Debug Log #2 — The Off-By-One That Didn’t Crash (It Just Lied)

Jovann Thompson — Tue, 26 May 2026 03:57:20 +0000

I built a local pipeline to take long chat transcripts saved as PDFs and turn them into something structured, cleaned output where every conversational turn is rewritten into paired labels:

INPUT 1 / OUTPUT 1
INPUT 2 / OUTPUT 2

That pairing is the contract. It’s what makes the transcript auditable instead of just scrollable.

The Symptom

When doing a last integrity pass, I opened the cleaned PDF to confirm the labeling holds from start to finish. But right at the beginning the artifact was telling me a different story:

INPUT 2 / OUTPUT 1
INPUT 3 / OUTPUT 2

The system was still alternating input/output, the output existed, the pipeline completed. But the numbering was shifted from the first turn. The system runs, the output exists, and the output is quietly lying by one. That lie ripples into every downstream count, integrity check, and assumption built on top of it.

The real question became: where is the first place the system starts lying?

Initial Confusion

At first I kept framing it as a counting issue, maybe something in the missing-input/missing-output analysis, maybe a reporting mismatch, maybe the integrity summary was slightly off. I didn’t want to rerun the entire dataset just to test a small correctness problem, so I tried to do it the right way: make a small sample input, isolate the stage, validate expected versus actual.

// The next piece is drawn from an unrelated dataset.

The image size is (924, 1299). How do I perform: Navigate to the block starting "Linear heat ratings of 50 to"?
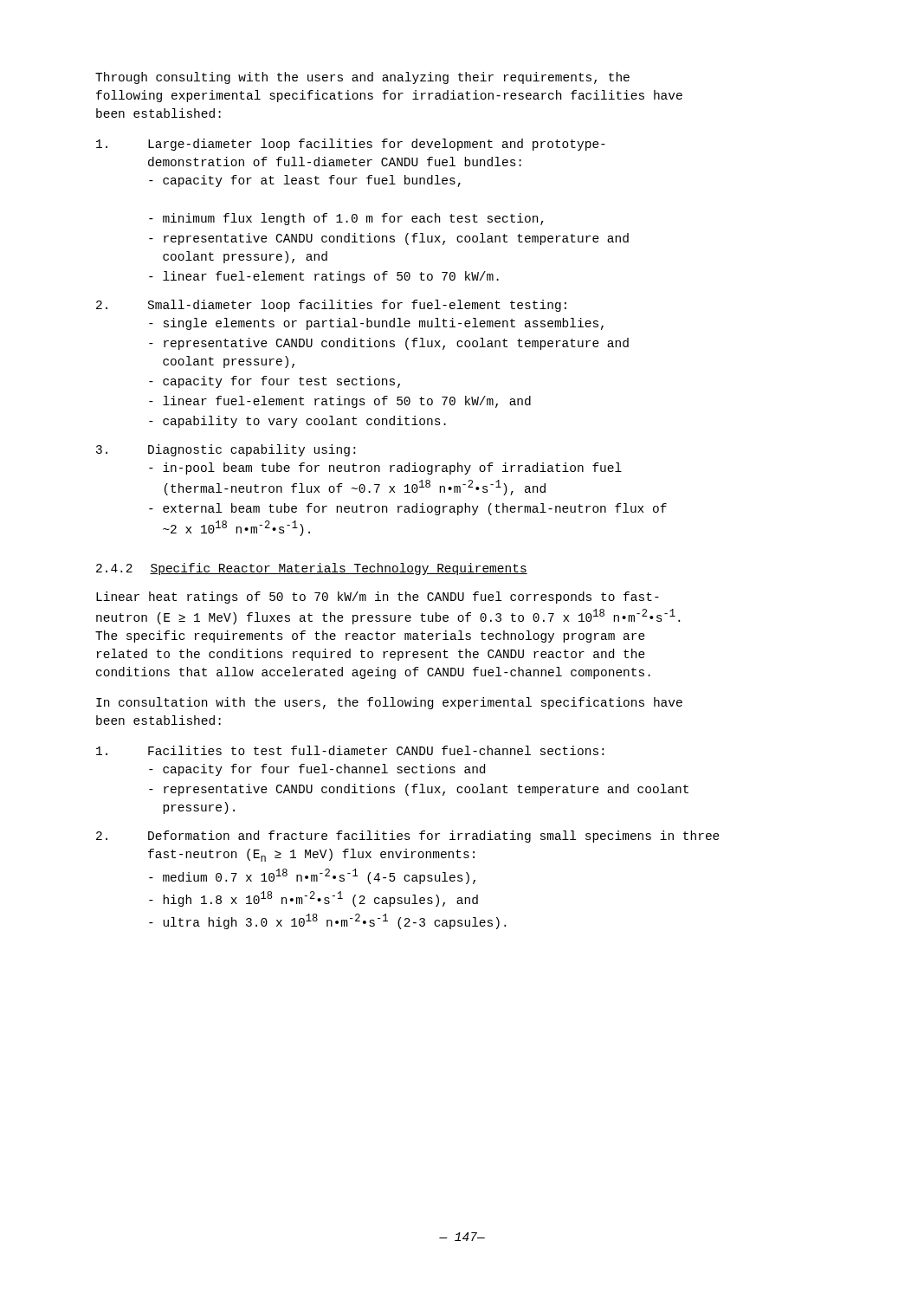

That immediately raised practical questions I couldn’t dodge. Where do I even inject a sample? If my entrypoint starts at PDFs, how do I test a mid-stage without breaking the whole flow? If I create a CSV, which CSV does the stage actually expect?

The framing itself was the problem. I was treating it like a reporting bug when it was actually a contract bug.

What the Bug Really Was

The system was never meant to count like:

INPUT 1, OUTPUT 2, INPUT 3, OUTPUT 4...

It was meant to preserve paired conversational turns:

INPUT 1 / OUTPUT 1
INPUT 2 / OUTPUT 2

So if the cleaned PDF starts at INPUT 2 / OUTPUT 1, the core failure isn’t in downstream analysis. The numbering contract is being violated somewhere upstream, and everything else is just inheriting the damage. Reframing it that way collapsed the search space immediately. Stop looking at reporting, trace back to wherever the labels get written in the first place.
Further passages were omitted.